--- PROMPT ---
Report only the number of lines below in which the string "largest" appears.

--- GIVEN DATA ---
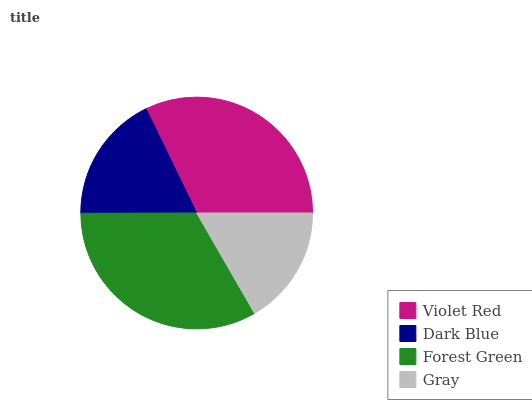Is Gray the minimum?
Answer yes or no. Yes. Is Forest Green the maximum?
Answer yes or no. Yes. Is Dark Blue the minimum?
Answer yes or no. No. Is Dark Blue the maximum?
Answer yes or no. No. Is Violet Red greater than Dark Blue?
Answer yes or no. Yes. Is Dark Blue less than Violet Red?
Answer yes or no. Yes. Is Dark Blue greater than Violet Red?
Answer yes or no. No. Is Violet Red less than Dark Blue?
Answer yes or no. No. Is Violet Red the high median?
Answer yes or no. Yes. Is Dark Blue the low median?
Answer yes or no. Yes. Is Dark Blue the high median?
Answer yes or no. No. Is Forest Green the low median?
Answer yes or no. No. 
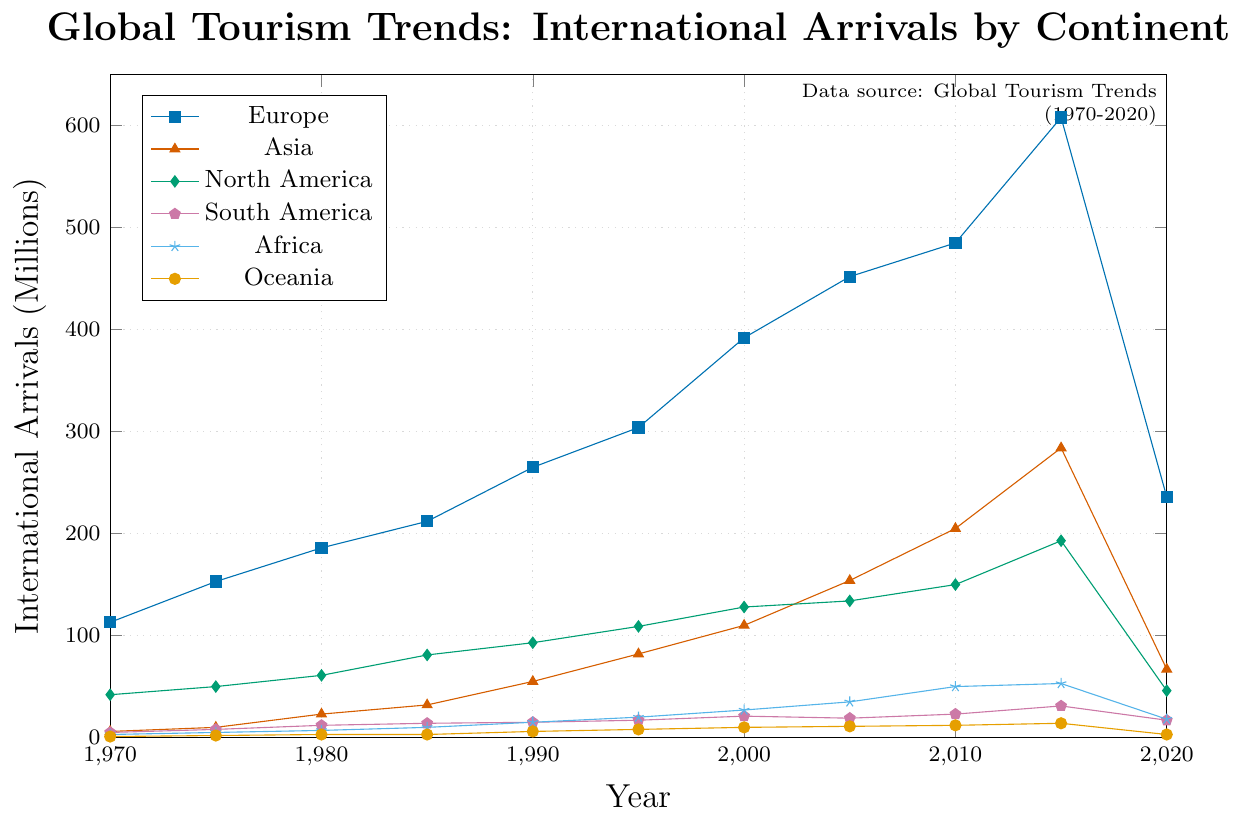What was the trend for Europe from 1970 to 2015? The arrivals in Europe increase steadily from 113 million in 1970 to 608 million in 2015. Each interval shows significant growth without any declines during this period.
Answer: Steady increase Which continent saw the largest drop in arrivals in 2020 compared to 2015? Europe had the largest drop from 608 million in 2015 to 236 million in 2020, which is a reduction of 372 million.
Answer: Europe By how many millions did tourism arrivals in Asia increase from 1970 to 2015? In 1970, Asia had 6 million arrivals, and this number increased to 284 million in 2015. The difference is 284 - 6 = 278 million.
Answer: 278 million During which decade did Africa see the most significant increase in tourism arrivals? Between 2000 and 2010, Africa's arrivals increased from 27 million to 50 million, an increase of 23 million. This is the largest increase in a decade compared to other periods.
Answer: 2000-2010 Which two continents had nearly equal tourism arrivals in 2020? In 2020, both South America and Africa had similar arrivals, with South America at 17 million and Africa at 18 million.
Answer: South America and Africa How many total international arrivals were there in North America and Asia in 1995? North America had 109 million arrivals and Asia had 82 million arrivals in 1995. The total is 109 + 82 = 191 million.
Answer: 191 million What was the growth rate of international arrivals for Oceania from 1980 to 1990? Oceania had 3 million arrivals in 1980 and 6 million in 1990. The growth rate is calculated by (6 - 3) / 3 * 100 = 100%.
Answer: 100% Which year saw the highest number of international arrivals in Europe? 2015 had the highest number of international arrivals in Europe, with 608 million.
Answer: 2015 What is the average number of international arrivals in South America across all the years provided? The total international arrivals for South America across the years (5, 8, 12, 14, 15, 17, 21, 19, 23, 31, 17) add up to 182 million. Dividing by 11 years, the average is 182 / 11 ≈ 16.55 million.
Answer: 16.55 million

--- YOUR SOLUTION ---
2